Segment Start: Exercise input
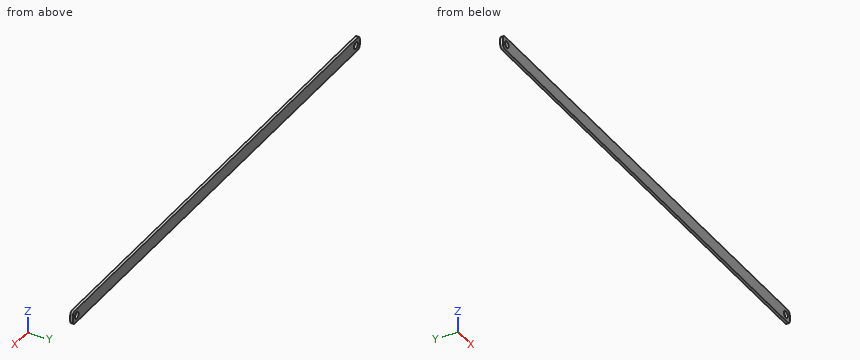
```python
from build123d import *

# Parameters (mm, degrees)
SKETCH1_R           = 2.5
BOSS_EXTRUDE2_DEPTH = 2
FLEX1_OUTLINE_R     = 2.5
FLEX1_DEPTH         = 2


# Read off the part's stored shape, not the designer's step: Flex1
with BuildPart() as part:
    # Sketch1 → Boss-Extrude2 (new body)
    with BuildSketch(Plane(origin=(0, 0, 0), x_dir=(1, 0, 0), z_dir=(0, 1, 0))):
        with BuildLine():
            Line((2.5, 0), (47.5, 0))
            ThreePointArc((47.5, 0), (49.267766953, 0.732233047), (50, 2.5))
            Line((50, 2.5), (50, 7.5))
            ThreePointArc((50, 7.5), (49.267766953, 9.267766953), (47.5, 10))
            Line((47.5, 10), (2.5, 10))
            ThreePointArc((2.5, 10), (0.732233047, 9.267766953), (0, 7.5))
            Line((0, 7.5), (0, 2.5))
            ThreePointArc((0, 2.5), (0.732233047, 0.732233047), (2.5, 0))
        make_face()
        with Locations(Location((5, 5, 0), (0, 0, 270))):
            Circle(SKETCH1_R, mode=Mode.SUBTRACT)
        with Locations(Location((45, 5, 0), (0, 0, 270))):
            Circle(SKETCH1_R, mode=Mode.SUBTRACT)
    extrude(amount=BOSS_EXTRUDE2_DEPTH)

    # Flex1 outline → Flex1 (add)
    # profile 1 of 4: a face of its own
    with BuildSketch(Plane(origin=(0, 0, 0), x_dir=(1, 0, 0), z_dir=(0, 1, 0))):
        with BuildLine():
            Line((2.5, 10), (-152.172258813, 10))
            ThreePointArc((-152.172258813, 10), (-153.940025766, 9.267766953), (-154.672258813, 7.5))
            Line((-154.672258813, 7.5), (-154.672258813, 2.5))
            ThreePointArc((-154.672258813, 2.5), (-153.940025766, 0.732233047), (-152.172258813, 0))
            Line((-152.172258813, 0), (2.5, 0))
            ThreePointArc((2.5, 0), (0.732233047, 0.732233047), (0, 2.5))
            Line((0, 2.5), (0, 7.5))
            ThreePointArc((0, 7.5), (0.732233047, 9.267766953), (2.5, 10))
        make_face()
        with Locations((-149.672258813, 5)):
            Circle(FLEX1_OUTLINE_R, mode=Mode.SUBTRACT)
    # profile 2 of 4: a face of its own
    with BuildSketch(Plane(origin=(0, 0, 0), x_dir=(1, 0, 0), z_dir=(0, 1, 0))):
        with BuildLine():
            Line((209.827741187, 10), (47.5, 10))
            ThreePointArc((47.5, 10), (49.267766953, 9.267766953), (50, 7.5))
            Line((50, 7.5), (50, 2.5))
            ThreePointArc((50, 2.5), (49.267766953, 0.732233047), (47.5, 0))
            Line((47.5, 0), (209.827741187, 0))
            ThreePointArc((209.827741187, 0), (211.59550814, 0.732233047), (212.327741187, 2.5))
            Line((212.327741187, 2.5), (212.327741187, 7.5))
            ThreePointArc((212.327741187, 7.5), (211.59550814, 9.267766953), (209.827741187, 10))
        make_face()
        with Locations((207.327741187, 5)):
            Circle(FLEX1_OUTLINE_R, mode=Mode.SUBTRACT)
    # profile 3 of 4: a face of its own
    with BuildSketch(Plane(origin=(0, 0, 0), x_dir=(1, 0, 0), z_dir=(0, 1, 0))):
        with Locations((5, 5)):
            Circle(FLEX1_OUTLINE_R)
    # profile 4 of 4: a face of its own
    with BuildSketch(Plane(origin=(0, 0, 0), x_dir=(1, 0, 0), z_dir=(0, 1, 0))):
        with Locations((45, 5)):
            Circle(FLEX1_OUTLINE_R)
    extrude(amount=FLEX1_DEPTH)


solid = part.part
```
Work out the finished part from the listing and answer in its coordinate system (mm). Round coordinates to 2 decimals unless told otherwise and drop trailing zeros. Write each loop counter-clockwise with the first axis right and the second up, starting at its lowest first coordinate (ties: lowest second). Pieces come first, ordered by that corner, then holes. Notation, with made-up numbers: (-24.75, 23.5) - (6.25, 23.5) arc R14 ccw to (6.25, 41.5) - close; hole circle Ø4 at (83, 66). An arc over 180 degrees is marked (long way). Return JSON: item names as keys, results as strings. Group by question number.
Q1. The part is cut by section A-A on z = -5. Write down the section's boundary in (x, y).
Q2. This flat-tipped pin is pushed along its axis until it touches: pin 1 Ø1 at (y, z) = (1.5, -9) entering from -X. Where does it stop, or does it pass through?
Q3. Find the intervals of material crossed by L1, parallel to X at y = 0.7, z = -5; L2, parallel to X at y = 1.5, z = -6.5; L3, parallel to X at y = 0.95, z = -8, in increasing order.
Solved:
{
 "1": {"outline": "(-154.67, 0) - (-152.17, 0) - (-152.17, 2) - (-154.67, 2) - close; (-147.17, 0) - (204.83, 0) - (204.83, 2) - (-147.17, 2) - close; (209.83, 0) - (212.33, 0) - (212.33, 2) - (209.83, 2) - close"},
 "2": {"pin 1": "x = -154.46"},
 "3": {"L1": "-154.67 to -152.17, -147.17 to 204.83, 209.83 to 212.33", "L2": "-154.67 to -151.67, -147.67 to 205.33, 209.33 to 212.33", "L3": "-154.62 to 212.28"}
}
Segment End: Exercise input
**Problem requirements:**
Filter the listing above, keeping only the lines with "profile".

**Result of the exercise:**
    # profile 1 of 4: a face of its own
    # profile 2 of 4: a face of its own
    # profile 3 of 4: a face of its own
    # profile 4 of 4: a face of its own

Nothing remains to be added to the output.